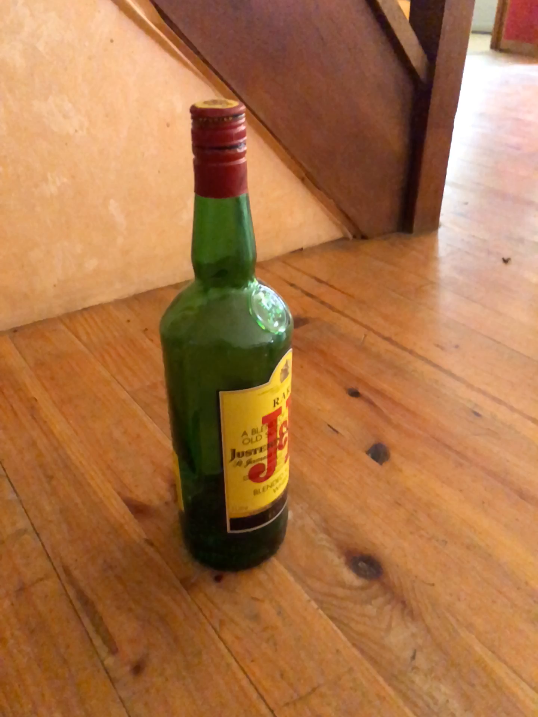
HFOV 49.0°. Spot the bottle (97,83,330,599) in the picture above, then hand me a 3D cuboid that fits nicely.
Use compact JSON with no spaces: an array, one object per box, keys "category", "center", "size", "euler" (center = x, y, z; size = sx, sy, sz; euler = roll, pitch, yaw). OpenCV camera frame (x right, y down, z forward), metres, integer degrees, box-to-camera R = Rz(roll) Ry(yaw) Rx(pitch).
[{"category":"bottle","center":[-0.026,0.004,0.382],"size":[0.080,0.318,0.091],"euler":[17,36,24]}]

Assigned task ▸
Retype the data word for word and keep the pictures out of it.

Answer section ▸
HFOV 49.0°. Spot the bottle (97,83,330,599) in the picture above, then hand me a 3D cuboid that fits nicely.
Use compact JSON with no spaces: an array, one object per box, keys "category", "center", "size", "euler" (center = x, y, z; size = sx, sy, sz; euler = roll, pitch, yaw). OpenCV camera frame (x right, y down, z forward), metres, integer degrees, box-to-camera R = Rz(roll) Ry(yaw) Rx(pitch).
[{"category":"bottle","center":[-0.026,0.004,0.382],"size":[0.080,0.318,0.091],"euler":[17,36,24]}]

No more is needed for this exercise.